## ACTIVITY
Filter the entries below down to the lines that hold "Infinite".

^^^^^^^^

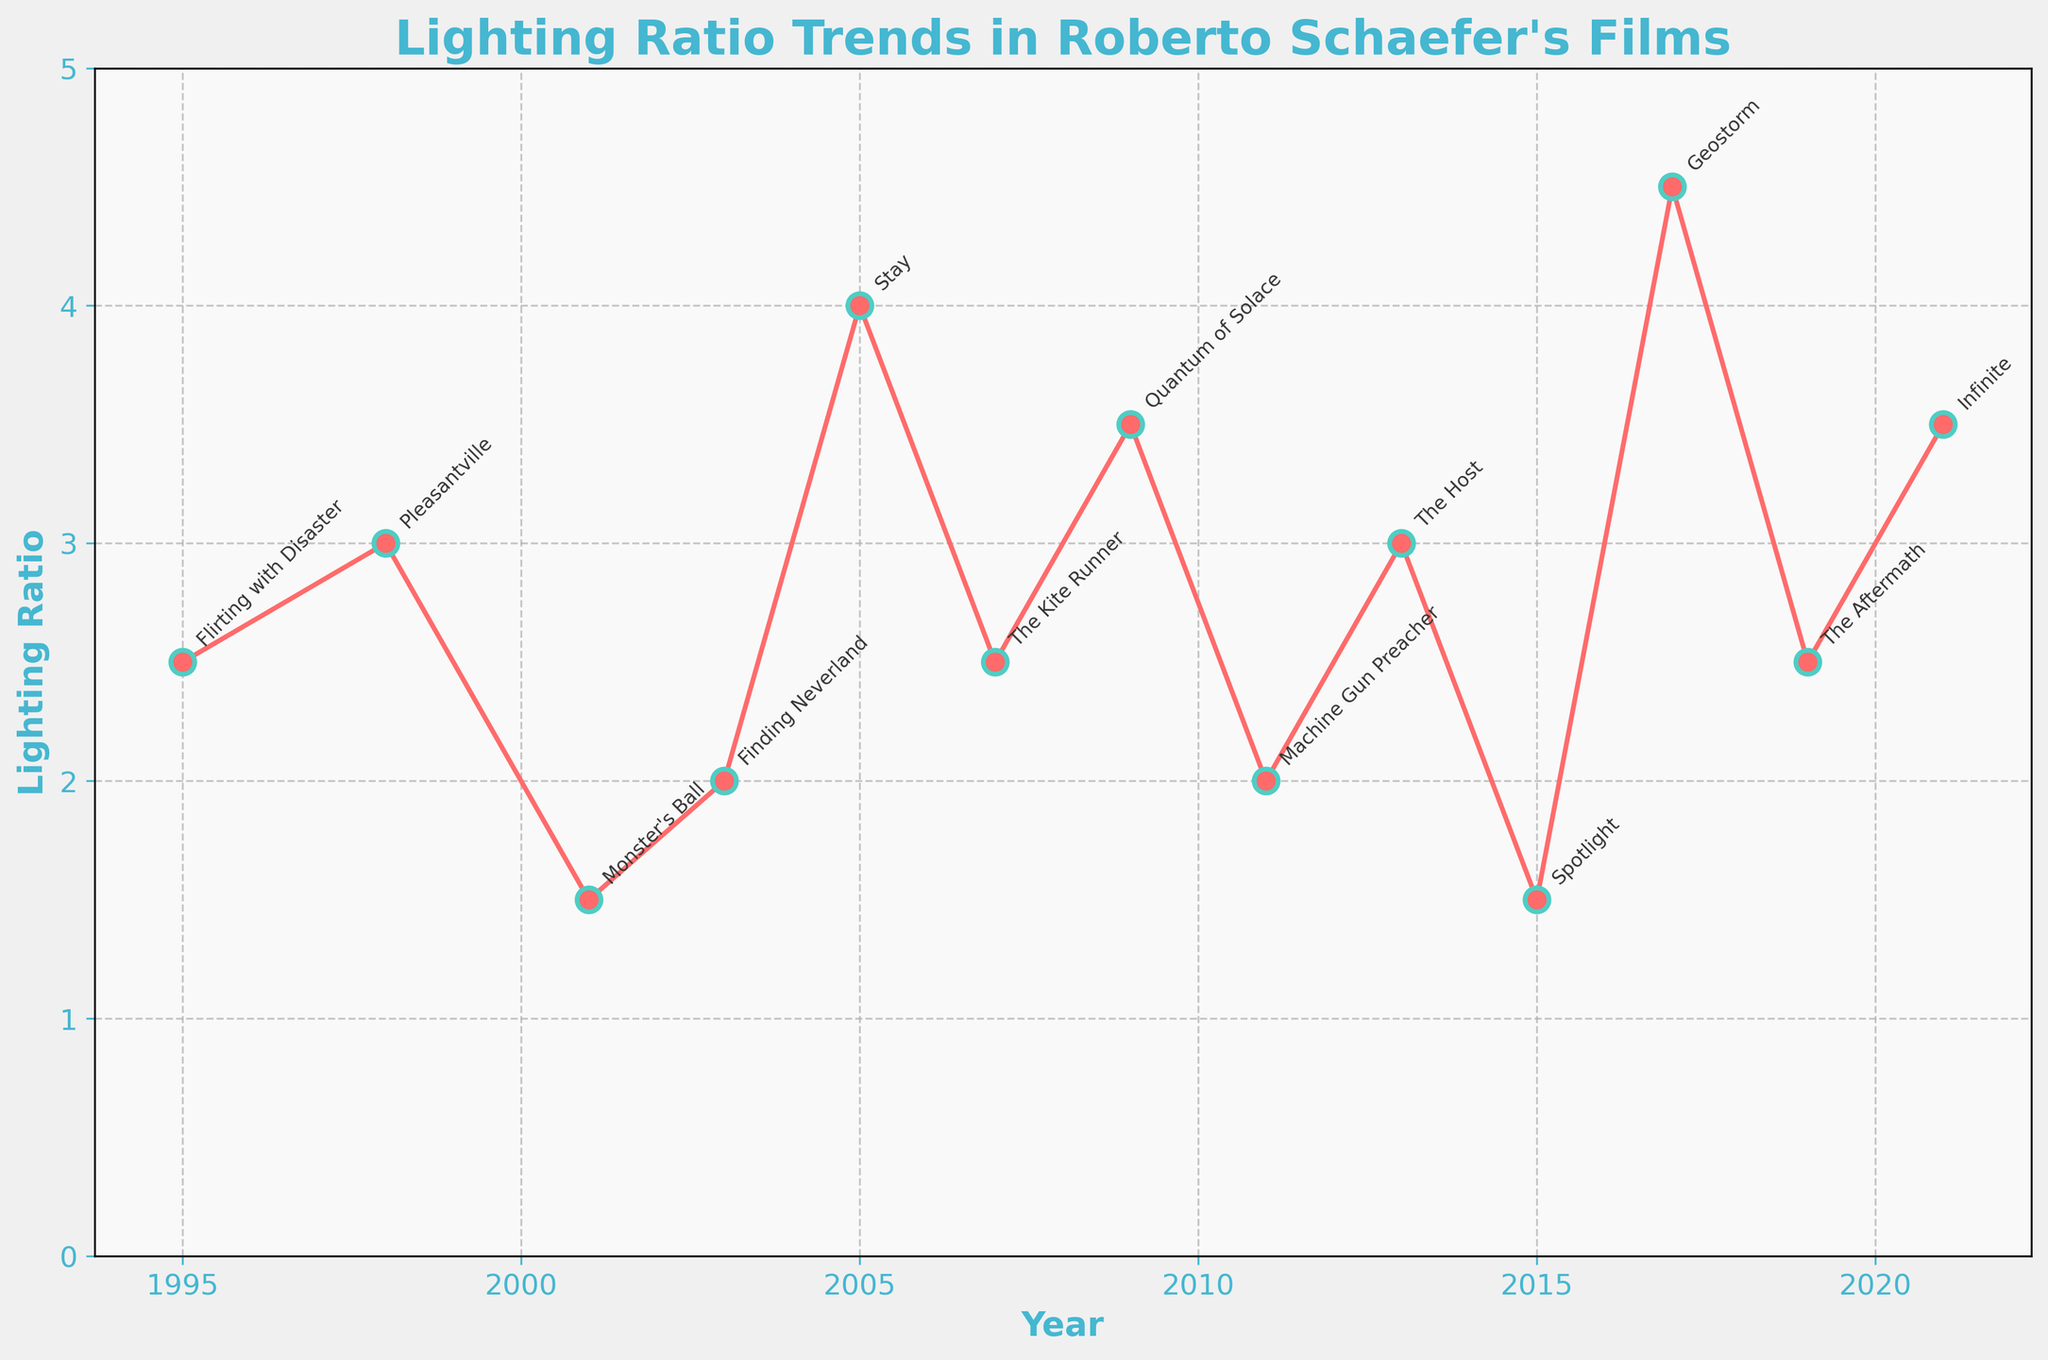What is the lighting ratio trend between "Pleasantville" in 1998 and "The Kite Runner" in 2007? To determine the trend between "Pleasantville" and "The Kite Runner," look at the years and corresponding lighting ratios. In 1998, "Pleasantville" has a lighting ratio of 3:1. In 2007, "The Kite Runner" has a lighting ratio of 2.5:1. The lighting ratio decreases from 3:1 to 2.5:1 over this period.
Answer: Decreasing Which film has the highest lighting ratio and what is that ratio? Look for the film with the highest point on the y-axis representing the lighting ratio. "Geostorm" in 2017 has the highest lighting ratio at 4.5:1.
Answer: Geostorm, 4.5:1 What is the difference in lighting ratios between "Stay" in 2005 and "Machine Gun Preacher" in 2011? Refer to the lighting ratios for both films. "Stay" has a ratio of 4:1, and "Machine Gun Preacher" has a ratio of 2:1. The difference is 4 - 2 = 2.
Answer: 2 Which films share the same lighting ratio and what is that ratio? Identify films with the same lighting ratio on the y-axis. "Flirting with Disaster" (1995) and "The Kite Runner" (2007) both share a ratio of 2.5:1. "Pleasantville" (1998) and "The Host" (2013) both share a ratio of 3:1. "Monster's Ball" (2001) and "Spotlight" (2015) both share a ratio of 1.5:1.
Answer: "Flirting with Disaster" and "The Kite Runner" both have 2.5:1; "Pleasantville" and "The Host" both have 3:1; "Monster's Ball" and "Spotlight" both have 1.5:1 What is the average lighting ratio for all the films in the dataset? Calculate the average by summing all the lighting ratios and dividing by the number of films. The ratios are 2.5, 3, 1.5, 2, 4, 2.5, 3.5, 2, 3, 1.5, 4.5, 2.5, 3.5. The sum is 34.5, divided by 13 films, gives an average of 34.5/13 = 2.65.
Answer: 2.65 How did the lighting ratio change from "Quantum of Solace" in 2009 to "The Host" in 2013? Check the lighting ratios for both films. "Quantum of Solace" has a ratio of 3.5:1, and "The Host" has a ratio of 3:1. The ratio decreases from 3.5:1 to 3:1.
Answer: Decrease Which film follows "Stay" in 2005 in terms of lighting ratio and what is the trend? The film following "Stay" in terms of lighting ratio is "The Kite Runner" in 2007, which moves from 4:1 in "Stay" to 2.5:1 in "The Kite Runner." This is a decreasing trend.
Answer: The Kite Runner, decreasing What is the range of lighting ratios used across Roberto Schaefer’s films? Identify the minimum and maximum values of lighting ratios. The minimum ratio is 1.5:1, and the maximum ratio is 4.5:1. The range is 4.5 - 1.5 = 3.
Answer: 3 What films used the lighting ratio of 3.5:1? Look for films marked at 3.5 on the y-axis. "Quantum of Solace" (2009) and "Infinite" (2021) both have a lighting ratio of 3.5:1.
Answer: Quantum of Solace, Infinite 
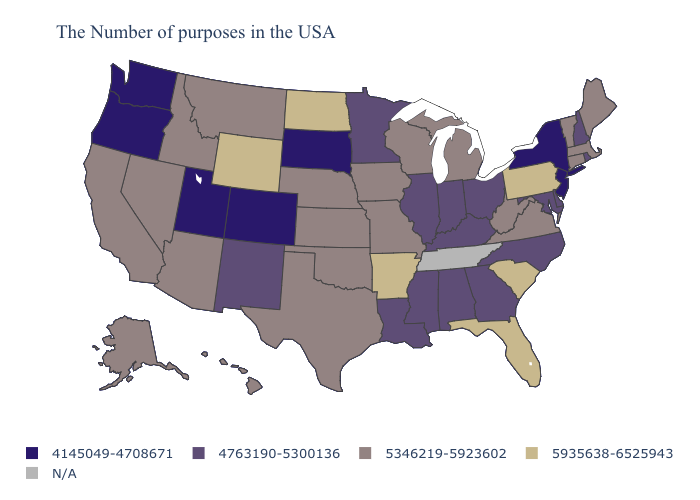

^^^^^^^^

## SOLUTION TO THIS PROBLEM
Answer: 3 What films used the lighting ratio of 3.5:1? Look for films marked at 3.5 on the y-axis. "Quantum of Solace" (2009) and "Infinite" (2021) both have a lighting ratio of 3.5:1.
Answer: Quantum of Solace, Infinite 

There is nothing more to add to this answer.